### Assignment
Restate every line of the material that follows, word for word.
---- Input
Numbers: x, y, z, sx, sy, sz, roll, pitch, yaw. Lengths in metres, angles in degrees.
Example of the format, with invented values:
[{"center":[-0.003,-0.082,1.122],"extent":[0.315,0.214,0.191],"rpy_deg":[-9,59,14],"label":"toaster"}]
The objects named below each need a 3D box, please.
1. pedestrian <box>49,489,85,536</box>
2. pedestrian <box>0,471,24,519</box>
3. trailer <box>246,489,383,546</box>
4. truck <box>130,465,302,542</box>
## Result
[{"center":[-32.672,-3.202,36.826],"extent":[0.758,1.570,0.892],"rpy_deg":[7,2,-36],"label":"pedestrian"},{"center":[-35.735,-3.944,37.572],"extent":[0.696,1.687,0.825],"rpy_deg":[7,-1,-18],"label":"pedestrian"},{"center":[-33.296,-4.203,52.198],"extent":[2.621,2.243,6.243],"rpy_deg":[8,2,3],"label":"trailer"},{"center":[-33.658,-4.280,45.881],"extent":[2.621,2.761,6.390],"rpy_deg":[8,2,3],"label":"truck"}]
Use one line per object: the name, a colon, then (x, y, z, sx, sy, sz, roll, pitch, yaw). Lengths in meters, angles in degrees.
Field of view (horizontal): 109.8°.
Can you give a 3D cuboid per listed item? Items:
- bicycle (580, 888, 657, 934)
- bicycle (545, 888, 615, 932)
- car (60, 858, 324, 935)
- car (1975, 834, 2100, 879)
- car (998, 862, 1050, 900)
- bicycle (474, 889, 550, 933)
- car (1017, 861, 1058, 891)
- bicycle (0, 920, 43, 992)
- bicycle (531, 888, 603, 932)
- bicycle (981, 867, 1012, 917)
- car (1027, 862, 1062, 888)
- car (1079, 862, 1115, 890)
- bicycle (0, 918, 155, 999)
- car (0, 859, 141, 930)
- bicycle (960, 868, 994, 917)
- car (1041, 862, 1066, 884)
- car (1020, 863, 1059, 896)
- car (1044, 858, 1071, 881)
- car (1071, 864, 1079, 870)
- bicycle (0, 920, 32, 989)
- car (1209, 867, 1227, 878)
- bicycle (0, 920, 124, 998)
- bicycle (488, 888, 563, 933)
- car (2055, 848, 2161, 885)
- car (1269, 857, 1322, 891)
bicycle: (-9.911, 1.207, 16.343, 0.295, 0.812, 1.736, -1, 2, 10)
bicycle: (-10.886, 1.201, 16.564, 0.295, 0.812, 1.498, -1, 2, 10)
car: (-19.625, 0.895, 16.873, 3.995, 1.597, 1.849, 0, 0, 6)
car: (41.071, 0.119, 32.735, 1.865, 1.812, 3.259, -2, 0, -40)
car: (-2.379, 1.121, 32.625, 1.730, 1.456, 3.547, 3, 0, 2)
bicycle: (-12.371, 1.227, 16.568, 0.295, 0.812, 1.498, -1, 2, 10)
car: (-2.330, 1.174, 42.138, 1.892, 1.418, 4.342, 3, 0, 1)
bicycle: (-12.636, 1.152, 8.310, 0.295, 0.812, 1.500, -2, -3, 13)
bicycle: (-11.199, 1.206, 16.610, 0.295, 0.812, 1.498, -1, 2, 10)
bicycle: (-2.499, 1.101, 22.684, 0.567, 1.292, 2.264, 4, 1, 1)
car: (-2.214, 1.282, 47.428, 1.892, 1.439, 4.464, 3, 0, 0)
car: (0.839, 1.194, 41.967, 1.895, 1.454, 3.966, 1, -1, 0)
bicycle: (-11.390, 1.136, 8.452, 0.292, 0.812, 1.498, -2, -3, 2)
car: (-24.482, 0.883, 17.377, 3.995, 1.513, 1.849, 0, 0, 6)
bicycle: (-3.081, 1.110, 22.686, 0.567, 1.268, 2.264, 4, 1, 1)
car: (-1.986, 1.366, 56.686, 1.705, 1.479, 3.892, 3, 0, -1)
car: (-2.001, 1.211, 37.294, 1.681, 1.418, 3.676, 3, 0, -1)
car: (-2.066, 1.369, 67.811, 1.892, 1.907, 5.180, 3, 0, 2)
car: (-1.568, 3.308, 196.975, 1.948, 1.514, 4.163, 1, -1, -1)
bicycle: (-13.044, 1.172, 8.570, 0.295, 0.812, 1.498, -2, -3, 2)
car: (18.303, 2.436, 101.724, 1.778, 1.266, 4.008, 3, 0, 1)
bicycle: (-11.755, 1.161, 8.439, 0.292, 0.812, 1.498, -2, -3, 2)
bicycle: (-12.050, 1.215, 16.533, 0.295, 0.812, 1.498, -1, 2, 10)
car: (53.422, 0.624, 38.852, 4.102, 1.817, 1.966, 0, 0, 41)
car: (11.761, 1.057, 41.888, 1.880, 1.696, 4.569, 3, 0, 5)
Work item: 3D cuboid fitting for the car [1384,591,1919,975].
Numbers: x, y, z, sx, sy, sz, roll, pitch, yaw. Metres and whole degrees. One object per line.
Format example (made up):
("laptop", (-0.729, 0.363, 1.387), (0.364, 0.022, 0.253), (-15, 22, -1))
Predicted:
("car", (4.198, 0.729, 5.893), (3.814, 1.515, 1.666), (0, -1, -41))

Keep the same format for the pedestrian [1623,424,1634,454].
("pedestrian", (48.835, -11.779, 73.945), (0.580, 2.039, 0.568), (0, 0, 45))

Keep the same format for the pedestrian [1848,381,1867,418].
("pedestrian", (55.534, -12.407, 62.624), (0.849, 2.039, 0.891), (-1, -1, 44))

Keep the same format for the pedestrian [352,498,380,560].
--------
### Output
Numbers: x, y, z, sx, sy, sz, roll, pitch, yaw. Lengths in metres, angles in degrees.
Example of the format, with invented values:
[{"center":[-0.003,-0.082,1.122],"extent":[0.315,0.214,0.191],"rpy_deg":[-9,59,14],"label":"toaster"}]
The objects named below each need a 3D box, please.
1. pedestrian <box>49,489,85,536</box>
2. pedestrian <box>0,471,24,519</box>
3. trailer <box>246,489,383,546</box>
4. truck <box>130,465,302,542</box>
## Result
[{"center":[-32.672,-3.202,36.826],"extent":[0.758,1.570,0.892],"rpy_deg":[7,2,-36],"label":"pedestrian"},{"center":[-35.735,-3.944,37.572],"extent":[0.696,1.687,0.825],"rpy_deg":[7,-1,-18],"label":"pedestrian"},{"center":[-33.296,-4.203,52.198],"extent":[2.621,2.243,6.243],"rpy_deg":[8,2,3],"label":"trailer"},{"center":[-33.658,-4.280,45.881],"extent":[2.621,2.761,6.390],"rpy_deg":[8,2,3],"label":"truck"}]
Use one line per object: the name, a colon, then (x, y, z, sx, sy, sz, roll, pitch, yaw). Lengths in meters, angles in degrees.
Field of view (horizontal): 109.8°.
Can you give a 3D cuboid per listed item? Items:
- bicycle (580, 888, 657, 934)
- bicycle (545, 888, 615, 932)
- car (60, 858, 324, 935)
- car (1975, 834, 2100, 879)
- car (998, 862, 1050, 900)
- bicycle (474, 889, 550, 933)
- car (1017, 861, 1058, 891)
- bicycle (0, 920, 43, 992)
- bicycle (531, 888, 603, 932)
- bicycle (981, 867, 1012, 917)
- car (1027, 862, 1062, 888)
- car (1079, 862, 1115, 890)
- bicycle (0, 918, 155, 999)
- car (0, 859, 141, 930)
- bicycle (960, 868, 994, 917)
- car (1041, 862, 1066, 884)
- car (1020, 863, 1059, 896)
- car (1044, 858, 1071, 881)
- car (1071, 864, 1079, 870)
- bicycle (0, 920, 32, 989)
- car (1209, 867, 1227, 878)
- bicycle (0, 920, 124, 998)
- bicycle (488, 888, 563, 933)
- car (2055, 848, 2161, 885)
- car (1269, 857, 1322, 891)
bicycle: (-9.911, 1.207, 16.343, 0.295, 0.812, 1.736, -1, 2, 10)
bicycle: (-10.886, 1.201, 16.564, 0.295, 0.812, 1.498, -1, 2, 10)
car: (-19.625, 0.895, 16.873, 3.995, 1.597, 1.849, 0, 0, 6)
car: (41.071, 0.119, 32.735, 1.865, 1.812, 3.259, -2, 0, -40)
car: (-2.379, 1.121, 32.625, 1.730, 1.456, 3.547, 3, 0, 2)
bicycle: (-12.371, 1.227, 16.568, 0.295, 0.812, 1.498, -1, 2, 10)
car: (-2.330, 1.174, 42.138, 1.892, 1.418, 4.342, 3, 0, 1)
bicycle: (-12.636, 1.152, 8.310, 0.295, 0.812, 1.500, -2, -3, 13)
bicycle: (-11.199, 1.206, 16.610, 0.295, 0.812, 1.498, -1, 2, 10)
bicycle: (-2.499, 1.101, 22.684, 0.567, 1.292, 2.264, 4, 1, 1)
car: (-2.214, 1.282, 47.428, 1.892, 1.439, 4.464, 3, 0, 0)
car: (0.839, 1.194, 41.967, 1.895, 1.454, 3.966, 1, -1, 0)
bicycle: (-11.390, 1.136, 8.452, 0.292, 0.812, 1.498, -2, -3, 2)
car: (-24.482, 0.883, 17.377, 3.995, 1.513, 1.849, 0, 0, 6)
bicycle: (-3.081, 1.110, 22.686, 0.567, 1.268, 2.264, 4, 1, 1)
car: (-1.986, 1.366, 56.686, 1.705, 1.479, 3.892, 3, 0, -1)
car: (-2.001, 1.211, 37.294, 1.681, 1.418, 3.676, 3, 0, -1)
car: (-2.066, 1.369, 67.811, 1.892, 1.907, 5.180, 3, 0, 2)
car: (-1.568, 3.308, 196.975, 1.948, 1.514, 4.163, 1, -1, -1)
bicycle: (-13.044, 1.172, 8.570, 0.295, 0.812, 1.498, -2, -3, 2)
car: (18.303, 2.436, 101.724, 1.778, 1.266, 4.008, 3, 0, 1)
bicycle: (-11.755, 1.161, 8.439, 0.292, 0.812, 1.498, -2, -3, 2)
bicycle: (-12.050, 1.215, 16.533, 0.295, 0.812, 1.498, -1, 2, 10)
car: (53.422, 0.624, 38.852, 4.102, 1.817, 1.966, 0, 0, 41)
car: (11.761, 1.057, 41.888, 1.880, 1.696, 4.569, 3, 0, 5)
Work item: 3D cuboid fitting for the car [1384,591,1919,975].
Numbers: x, y, z, sx, sy, sz, roll, pitch, yaw. Metres and whole degrees. One object per line.
Format example (made up):
("laptop", (-0.729, 0.363, 1.387), (0.364, 0.022, 0.253), (-15, 22, -1))
Predicted:
("car", (4.198, 0.729, 5.893), (3.814, 1.515, 1.666), (0, -1, -41))

Keep the same format for the pedestrian [1623,424,1634,454].
("pedestrian", (48.835, -11.779, 73.945), (0.580, 2.039, 0.568), (0, 0, 45))

Keep the same format for the pedestrian [1848,381,1867,418].
("pedestrian", (55.534, -12.407, 62.624), (0.849, 2.039, 0.891), (-1, -1, 44))

Keep the same format for the pedestrian [352,498,380,560].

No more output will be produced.